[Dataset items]
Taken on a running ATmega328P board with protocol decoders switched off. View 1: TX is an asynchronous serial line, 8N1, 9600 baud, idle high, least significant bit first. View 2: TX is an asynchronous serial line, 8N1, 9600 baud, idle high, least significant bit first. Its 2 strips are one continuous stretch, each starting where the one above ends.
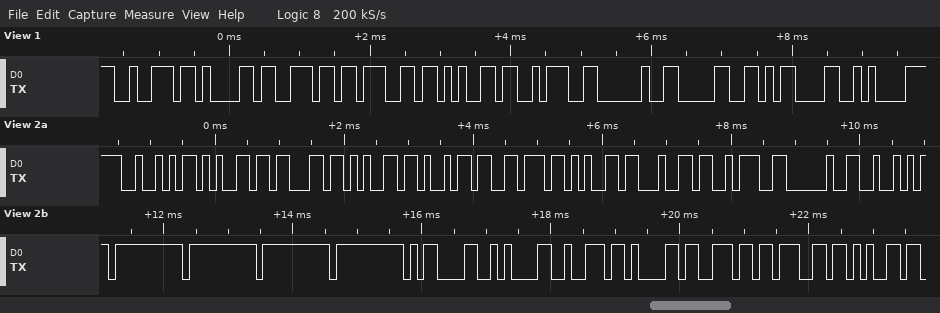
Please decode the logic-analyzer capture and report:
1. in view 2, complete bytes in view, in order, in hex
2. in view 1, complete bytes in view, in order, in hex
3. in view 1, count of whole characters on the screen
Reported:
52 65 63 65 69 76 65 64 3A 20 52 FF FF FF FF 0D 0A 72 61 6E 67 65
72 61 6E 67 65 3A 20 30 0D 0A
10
* * *
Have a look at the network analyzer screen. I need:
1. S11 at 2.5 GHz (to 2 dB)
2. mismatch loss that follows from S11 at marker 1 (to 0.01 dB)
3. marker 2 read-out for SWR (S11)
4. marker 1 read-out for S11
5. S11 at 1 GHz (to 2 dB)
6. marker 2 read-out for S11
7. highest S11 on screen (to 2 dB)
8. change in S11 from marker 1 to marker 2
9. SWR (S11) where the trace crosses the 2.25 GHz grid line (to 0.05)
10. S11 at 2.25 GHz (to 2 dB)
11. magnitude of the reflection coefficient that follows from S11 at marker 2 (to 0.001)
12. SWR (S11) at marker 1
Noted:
* * *
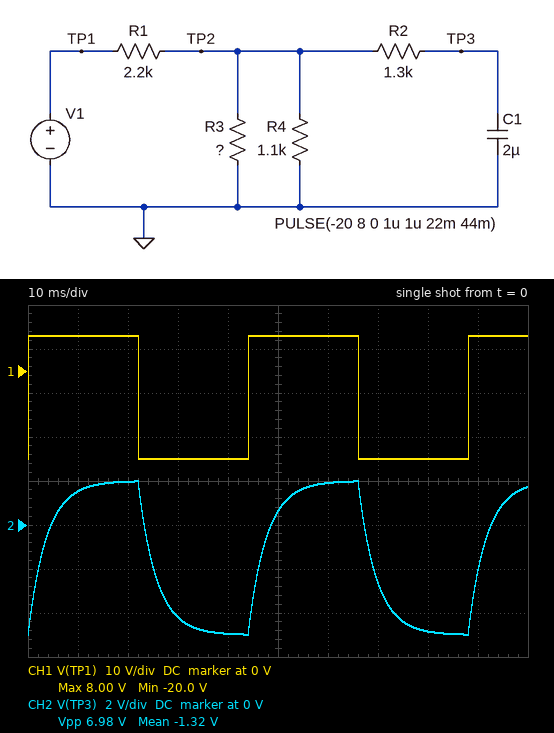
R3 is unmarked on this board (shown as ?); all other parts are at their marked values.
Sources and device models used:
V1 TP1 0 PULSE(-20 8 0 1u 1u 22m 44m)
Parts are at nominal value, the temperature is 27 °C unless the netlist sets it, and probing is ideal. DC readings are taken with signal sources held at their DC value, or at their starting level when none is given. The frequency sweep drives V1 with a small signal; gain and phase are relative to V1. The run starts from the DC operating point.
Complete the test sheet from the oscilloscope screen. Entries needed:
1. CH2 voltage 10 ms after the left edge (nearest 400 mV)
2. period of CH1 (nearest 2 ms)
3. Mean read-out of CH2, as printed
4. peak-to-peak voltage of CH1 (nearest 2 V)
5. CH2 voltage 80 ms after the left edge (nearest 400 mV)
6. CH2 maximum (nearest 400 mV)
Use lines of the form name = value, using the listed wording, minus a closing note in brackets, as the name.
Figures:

Task goal =>
Above are the records; repeat exactly the lines from the one holding "Have a look" down to the one holding "8. change in S11 from marker 1 to marker 2", end lines included.

Finished exercise =>
Have a look at the network analyzer screen. I need:
1. S11 at 2.5 GHz (to 2 dB)
2. mismatch loss that follows from S11 at marker 1 (to 0.01 dB)
3. marker 2 read-out for SWR (S11)
4. marker 1 read-out for S11
5. S11 at 1 GHz (to 2 dB)
6. marker 2 read-out for S11
7. highest S11 on screen (to 2 dB)
8. change in S11 from marker 1 to marker 2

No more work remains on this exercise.